ENTRIES SHOWN |
******************************
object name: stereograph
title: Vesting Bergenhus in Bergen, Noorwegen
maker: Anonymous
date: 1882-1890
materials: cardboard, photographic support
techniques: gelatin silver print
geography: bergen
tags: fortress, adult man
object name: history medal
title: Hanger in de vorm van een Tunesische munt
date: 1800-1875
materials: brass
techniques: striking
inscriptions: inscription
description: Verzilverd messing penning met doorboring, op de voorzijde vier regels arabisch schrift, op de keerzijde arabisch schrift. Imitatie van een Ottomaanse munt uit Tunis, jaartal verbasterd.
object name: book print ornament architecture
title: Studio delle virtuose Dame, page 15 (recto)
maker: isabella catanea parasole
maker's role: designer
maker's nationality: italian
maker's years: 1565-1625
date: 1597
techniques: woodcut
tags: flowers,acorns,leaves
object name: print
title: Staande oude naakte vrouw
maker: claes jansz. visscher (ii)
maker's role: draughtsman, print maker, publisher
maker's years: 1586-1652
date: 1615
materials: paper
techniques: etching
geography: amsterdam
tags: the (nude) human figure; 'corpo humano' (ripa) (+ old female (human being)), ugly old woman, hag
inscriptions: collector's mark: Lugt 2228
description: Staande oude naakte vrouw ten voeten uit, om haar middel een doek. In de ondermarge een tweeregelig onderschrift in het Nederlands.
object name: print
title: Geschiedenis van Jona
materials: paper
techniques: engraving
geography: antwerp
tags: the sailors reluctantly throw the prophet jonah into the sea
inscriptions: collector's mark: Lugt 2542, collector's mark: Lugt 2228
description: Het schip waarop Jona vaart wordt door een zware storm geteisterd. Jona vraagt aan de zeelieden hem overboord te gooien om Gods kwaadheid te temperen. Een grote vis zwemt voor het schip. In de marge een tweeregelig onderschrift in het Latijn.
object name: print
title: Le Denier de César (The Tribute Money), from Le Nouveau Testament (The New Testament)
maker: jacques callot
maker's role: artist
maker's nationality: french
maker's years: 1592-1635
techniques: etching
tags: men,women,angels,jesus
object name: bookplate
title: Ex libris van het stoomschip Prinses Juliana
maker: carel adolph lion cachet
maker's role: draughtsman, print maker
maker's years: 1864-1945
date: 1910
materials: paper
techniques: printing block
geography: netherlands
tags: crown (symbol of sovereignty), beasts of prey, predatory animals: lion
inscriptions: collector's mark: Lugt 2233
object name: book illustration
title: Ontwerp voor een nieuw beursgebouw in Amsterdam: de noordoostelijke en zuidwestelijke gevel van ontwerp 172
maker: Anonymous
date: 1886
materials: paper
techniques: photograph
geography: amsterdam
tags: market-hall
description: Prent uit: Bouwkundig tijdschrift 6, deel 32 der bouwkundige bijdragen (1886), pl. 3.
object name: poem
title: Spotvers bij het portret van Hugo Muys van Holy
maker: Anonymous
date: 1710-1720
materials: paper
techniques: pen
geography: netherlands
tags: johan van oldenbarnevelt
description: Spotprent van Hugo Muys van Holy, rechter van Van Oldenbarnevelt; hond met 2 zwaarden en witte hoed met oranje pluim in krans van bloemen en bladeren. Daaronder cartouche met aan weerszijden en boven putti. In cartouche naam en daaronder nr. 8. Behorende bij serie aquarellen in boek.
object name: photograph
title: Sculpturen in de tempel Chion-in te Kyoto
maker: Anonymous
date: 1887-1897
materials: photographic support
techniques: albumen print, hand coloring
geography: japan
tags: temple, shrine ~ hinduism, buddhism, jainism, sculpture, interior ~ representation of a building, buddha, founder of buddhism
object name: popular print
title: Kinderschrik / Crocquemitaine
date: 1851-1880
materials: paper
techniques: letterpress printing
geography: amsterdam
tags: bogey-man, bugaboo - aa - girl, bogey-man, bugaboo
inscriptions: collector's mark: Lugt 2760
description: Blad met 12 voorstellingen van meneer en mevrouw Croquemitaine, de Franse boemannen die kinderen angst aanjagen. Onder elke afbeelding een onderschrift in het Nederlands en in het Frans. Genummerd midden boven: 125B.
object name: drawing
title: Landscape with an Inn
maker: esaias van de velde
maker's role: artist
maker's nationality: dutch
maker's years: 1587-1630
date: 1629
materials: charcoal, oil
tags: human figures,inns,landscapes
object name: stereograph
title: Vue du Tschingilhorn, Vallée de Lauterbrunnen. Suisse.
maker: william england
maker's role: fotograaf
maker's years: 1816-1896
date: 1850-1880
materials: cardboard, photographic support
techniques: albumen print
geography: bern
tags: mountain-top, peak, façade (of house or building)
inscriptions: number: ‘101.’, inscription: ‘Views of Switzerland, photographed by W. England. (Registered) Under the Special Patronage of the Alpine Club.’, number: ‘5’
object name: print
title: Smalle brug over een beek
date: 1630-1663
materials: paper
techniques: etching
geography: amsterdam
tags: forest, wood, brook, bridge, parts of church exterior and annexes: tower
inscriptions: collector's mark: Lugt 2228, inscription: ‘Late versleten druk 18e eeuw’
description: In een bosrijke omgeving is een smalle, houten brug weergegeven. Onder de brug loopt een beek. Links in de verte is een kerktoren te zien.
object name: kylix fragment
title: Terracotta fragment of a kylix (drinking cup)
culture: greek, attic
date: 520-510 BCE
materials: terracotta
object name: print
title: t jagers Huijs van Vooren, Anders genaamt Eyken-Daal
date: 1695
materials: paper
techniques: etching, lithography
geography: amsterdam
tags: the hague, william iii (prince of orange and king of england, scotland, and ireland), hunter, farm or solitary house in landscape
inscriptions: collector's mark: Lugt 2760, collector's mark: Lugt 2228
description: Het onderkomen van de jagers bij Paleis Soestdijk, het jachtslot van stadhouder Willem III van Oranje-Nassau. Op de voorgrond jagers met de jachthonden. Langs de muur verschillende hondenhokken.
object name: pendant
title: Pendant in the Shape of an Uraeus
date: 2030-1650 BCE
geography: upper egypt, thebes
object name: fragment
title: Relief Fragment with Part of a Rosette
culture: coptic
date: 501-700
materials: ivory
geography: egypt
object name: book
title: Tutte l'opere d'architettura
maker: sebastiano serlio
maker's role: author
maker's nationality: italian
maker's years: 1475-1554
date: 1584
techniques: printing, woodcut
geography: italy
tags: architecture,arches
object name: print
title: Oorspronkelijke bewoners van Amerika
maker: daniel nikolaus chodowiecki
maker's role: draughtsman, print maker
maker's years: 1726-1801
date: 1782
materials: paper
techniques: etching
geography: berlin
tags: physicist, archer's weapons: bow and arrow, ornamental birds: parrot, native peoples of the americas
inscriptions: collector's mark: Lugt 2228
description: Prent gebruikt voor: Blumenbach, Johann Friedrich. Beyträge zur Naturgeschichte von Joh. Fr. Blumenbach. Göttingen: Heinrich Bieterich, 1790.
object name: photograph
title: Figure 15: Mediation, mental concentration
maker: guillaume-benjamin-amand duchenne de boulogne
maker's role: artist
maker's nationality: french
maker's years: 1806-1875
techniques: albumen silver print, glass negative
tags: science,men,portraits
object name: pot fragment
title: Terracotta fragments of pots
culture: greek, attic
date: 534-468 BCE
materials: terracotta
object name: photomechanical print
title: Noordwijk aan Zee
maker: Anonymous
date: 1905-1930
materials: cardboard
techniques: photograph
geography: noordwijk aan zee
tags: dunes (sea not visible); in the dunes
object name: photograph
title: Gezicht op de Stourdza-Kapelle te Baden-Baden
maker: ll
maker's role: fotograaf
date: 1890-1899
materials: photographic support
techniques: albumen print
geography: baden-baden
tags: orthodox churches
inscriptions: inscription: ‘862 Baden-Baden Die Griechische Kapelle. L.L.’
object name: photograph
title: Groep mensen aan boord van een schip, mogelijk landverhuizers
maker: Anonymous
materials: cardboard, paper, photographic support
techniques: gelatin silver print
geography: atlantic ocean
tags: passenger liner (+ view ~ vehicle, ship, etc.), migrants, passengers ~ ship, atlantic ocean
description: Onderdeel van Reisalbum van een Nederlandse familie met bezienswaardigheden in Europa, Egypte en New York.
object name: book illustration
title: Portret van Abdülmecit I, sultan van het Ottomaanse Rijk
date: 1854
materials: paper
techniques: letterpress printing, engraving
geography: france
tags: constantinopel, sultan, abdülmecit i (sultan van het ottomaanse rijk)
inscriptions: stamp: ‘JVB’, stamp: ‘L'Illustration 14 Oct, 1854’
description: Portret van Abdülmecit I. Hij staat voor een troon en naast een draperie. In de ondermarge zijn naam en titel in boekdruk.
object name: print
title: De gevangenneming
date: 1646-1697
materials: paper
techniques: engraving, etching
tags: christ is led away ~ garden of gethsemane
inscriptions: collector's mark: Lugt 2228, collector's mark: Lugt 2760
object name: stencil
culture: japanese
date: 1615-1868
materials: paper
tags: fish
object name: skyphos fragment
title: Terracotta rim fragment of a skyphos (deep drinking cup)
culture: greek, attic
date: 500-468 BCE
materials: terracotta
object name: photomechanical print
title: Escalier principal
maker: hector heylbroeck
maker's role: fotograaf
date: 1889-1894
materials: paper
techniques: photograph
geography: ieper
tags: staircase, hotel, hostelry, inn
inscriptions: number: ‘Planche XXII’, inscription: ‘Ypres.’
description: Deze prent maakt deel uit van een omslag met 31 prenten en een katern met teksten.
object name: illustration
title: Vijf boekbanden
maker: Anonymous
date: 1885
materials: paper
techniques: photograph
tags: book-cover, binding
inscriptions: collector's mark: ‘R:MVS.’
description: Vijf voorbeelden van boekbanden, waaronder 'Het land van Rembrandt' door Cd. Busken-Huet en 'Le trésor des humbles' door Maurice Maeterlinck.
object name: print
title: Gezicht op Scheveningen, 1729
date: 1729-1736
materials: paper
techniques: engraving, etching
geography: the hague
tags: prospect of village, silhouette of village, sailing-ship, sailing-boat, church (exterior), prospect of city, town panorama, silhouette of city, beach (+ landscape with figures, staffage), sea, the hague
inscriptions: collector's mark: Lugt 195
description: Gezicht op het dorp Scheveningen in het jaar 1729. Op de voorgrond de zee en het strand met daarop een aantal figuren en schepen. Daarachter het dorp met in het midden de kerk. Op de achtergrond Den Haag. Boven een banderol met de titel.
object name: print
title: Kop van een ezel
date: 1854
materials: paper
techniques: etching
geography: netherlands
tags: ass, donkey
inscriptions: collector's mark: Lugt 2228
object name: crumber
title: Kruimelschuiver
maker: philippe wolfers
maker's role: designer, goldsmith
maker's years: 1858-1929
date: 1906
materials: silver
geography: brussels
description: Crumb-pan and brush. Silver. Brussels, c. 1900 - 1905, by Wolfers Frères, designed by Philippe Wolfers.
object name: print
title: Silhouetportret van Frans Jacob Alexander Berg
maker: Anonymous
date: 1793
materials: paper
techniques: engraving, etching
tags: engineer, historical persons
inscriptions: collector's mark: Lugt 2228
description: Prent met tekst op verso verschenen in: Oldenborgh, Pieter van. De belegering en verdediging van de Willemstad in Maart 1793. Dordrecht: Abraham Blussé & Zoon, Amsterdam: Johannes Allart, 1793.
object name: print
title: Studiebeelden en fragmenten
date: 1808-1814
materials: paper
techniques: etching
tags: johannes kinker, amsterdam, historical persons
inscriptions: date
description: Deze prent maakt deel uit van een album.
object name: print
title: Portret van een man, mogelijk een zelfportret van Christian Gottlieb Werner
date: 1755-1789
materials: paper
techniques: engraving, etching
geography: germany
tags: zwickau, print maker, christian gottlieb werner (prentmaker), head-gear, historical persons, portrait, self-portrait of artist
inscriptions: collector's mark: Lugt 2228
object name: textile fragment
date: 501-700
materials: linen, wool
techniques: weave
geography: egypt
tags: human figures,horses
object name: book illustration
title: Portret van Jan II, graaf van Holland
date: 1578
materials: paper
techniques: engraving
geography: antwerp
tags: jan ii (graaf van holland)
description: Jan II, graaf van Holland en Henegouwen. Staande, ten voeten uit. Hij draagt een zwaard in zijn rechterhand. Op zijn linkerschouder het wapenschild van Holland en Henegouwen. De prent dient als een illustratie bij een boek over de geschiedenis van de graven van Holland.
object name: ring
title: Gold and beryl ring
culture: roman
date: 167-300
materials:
******************************
WORK INSTRUCTION | Look through the records and copy down every line that holds "onderschrift".

YOUR RESPONSE |
description: Staande oude naakte vrouw ten voeten uit, om haar middel een doek. In de ondermarge een tweeregelig onderschrift in het Nederlands.
description: Het schip waarop Jona vaart wordt door een zware storm geteisterd. Jona vraagt aan de zeelieden hem overboord te gooien om Gods kwaadheid te temperen. Een grote vis zwemt voor het schip. In de marge een tweeregelig onderschrift in het Latijn.
description: Blad met 12 voorstellingen van meneer en mevrouw Croquemitaine, de Franse boemannen die kinderen angst aanjagen. Onder elke afbeelding een onderschrift in het Nederlands en in het Frans. Genummerd midden boven: 125B.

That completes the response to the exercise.